We had barely gone fifty yards when the front door to the château opened and a woman stepped out onto the porch. She shaded her eyes with one hand. “Mademoiselle Danni?”
I waved. “Yes. It’s me.”
We increased our pace, closing the distance between us rapidly. We met on the gravel sidewalk near the stone fence that defined the yard of the château. “Bonjour,” she said as we came up to each other. “I am Anina. I am very happy to finally meet you.”

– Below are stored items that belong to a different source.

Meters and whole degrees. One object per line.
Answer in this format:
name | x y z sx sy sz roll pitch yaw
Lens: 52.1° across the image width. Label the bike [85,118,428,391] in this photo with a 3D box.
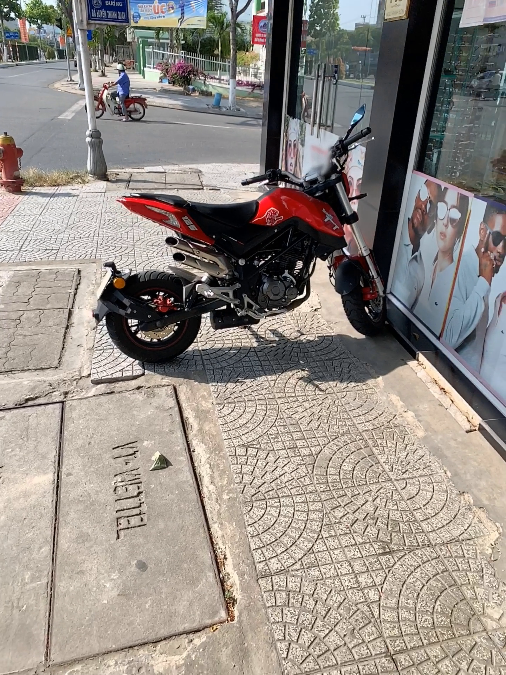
bike | 0.069 -0.685 3.301 2.122 1.216 0.835 -14 31 -30
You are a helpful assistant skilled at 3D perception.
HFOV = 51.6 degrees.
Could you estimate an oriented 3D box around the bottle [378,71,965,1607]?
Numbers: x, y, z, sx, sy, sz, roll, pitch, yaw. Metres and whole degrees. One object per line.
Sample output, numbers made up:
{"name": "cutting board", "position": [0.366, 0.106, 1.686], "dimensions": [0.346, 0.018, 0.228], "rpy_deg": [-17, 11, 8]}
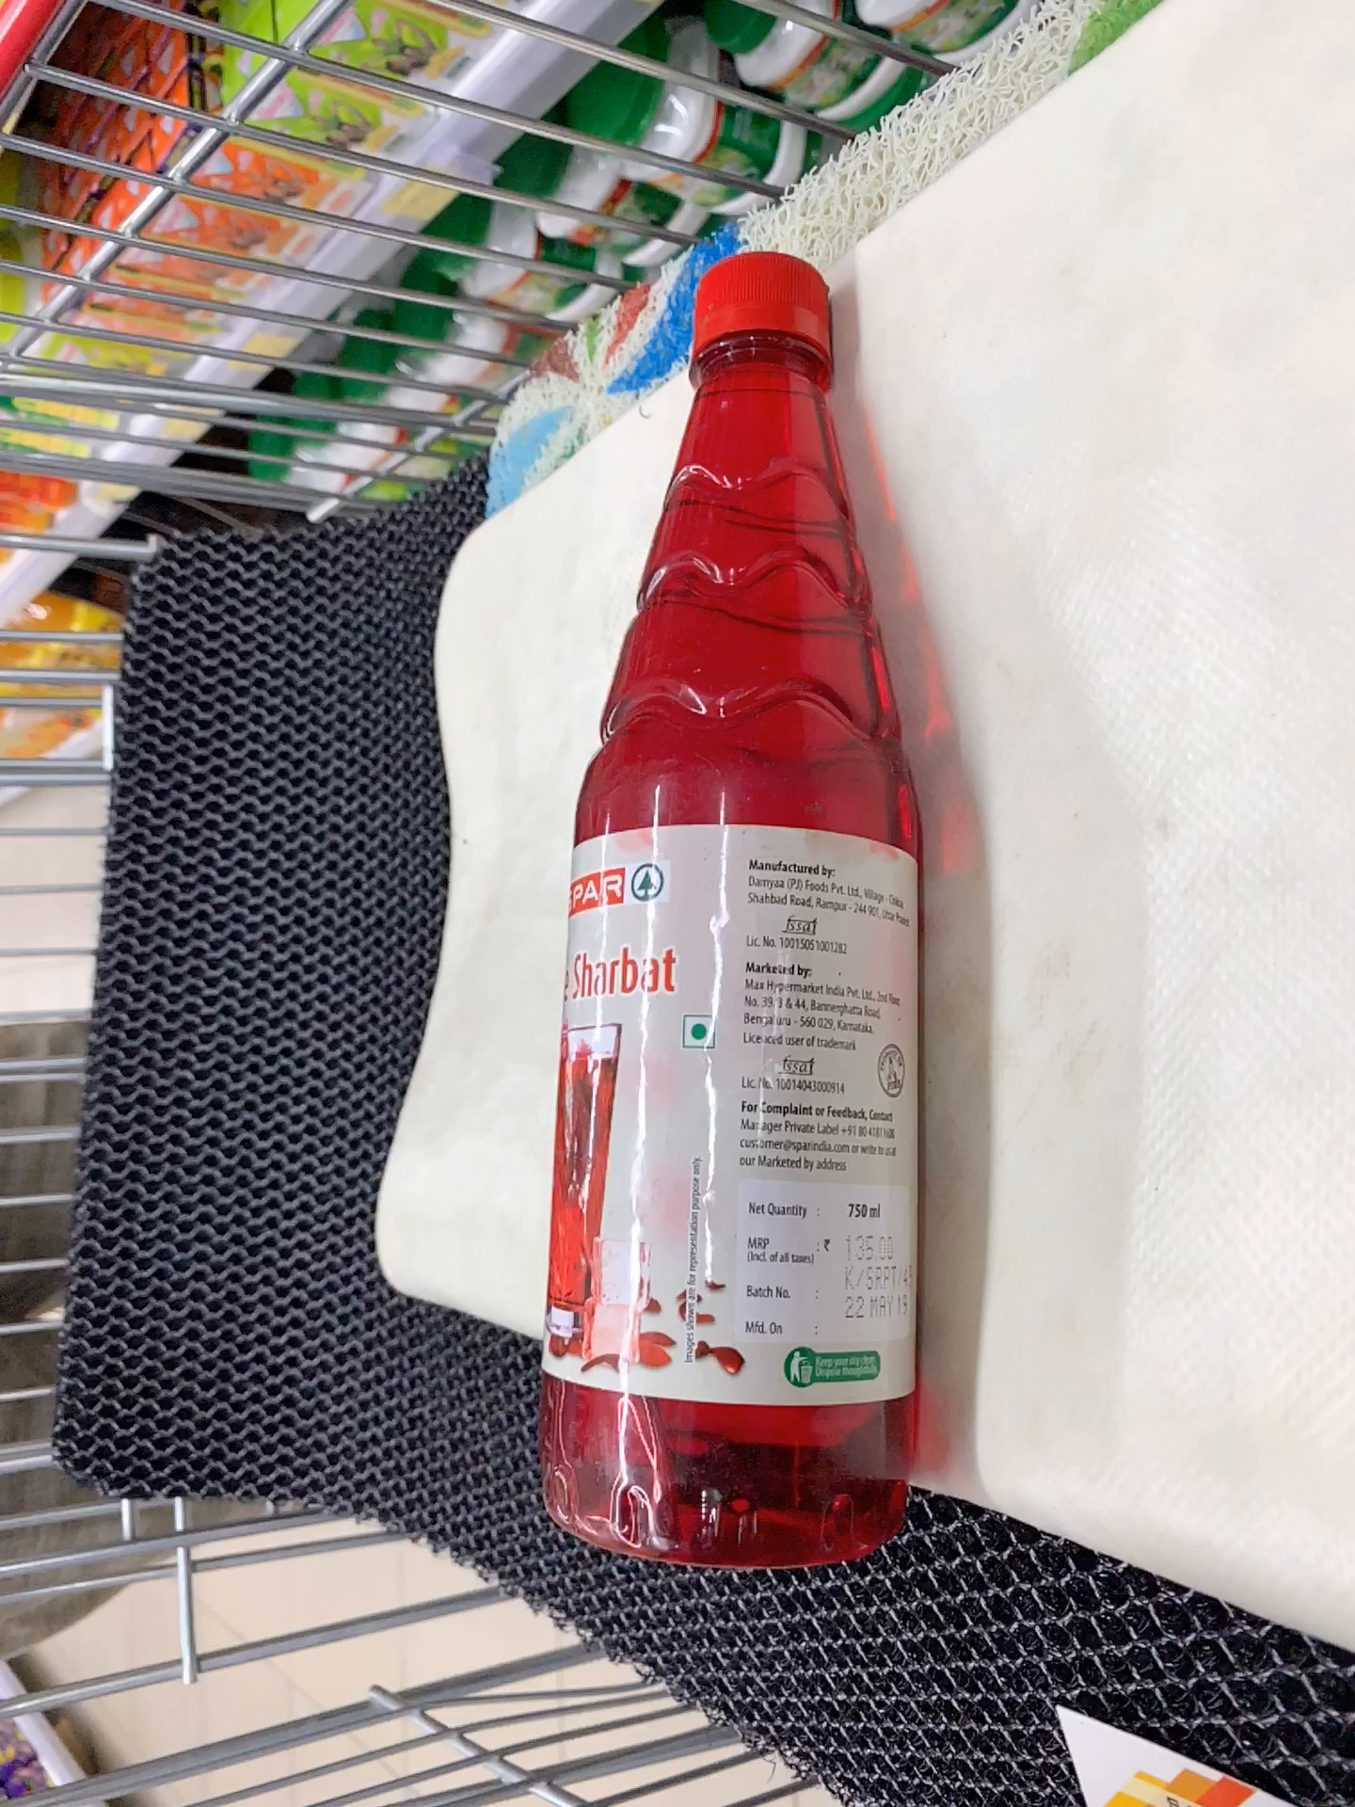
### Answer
{"name": "bottle", "position": [0.000, -0.011, 0.252], "dimensions": [0.070, 0.070, 0.230], "rpy_deg": [-14, 71, 58]}

I was quite surprised at how much sorrow we felt as we watched Gisela. We were in the dining room having lunch with Anina and her three children. Grandpère Jean-Henri and Grandpère Louis were regaling her with tales of their boyhood and their wartime memories. Gisela sat on the opposite end of the table from her daughter. Occasionally, she would turn and seem to focus on the conversation, but quickly she lost interest and turned away to stare out the window or twist the tablecloth with her fingers.
This was the woman that I had once hated, that I had once vowed to utterly destroy if I had the chance. Now she reminded me of a child. She was still as lovely and distant as ever, but there was a childlike quality about her that was both touching and disturbing. Disturbing because I had known her before.
Grandpère startled me when he suddenly asked, “Do you take your mother to see Niklas ever, Anina?”
Anina turned, looked at Gisela, then slowly shook her head. “I did on two different occasions. But she barely understood what was going on. And yet, it upset her for days afterwards. So I go see him when my husband can be with her.”
“And how is he?” Rick asked.
“Quite well, considering. He has actually taken on a strict regimen of weight lifting in the prison and looks very fit.”
Dad spoke up. “If you don’t mind me asking, Anina, how did the whole thing with Von Dietz Global turn out? We heard they were talking about awarding all of the family shares to you.”
“Yes. I am the only other child, so the full fifty million came to me and my husband.” She lifted a hand and waved it around the room. “Had it been otherwise, we would have been forced to sell the château. But Mother loves it here. As do the children. I think we shall spend each summer here from this point on.”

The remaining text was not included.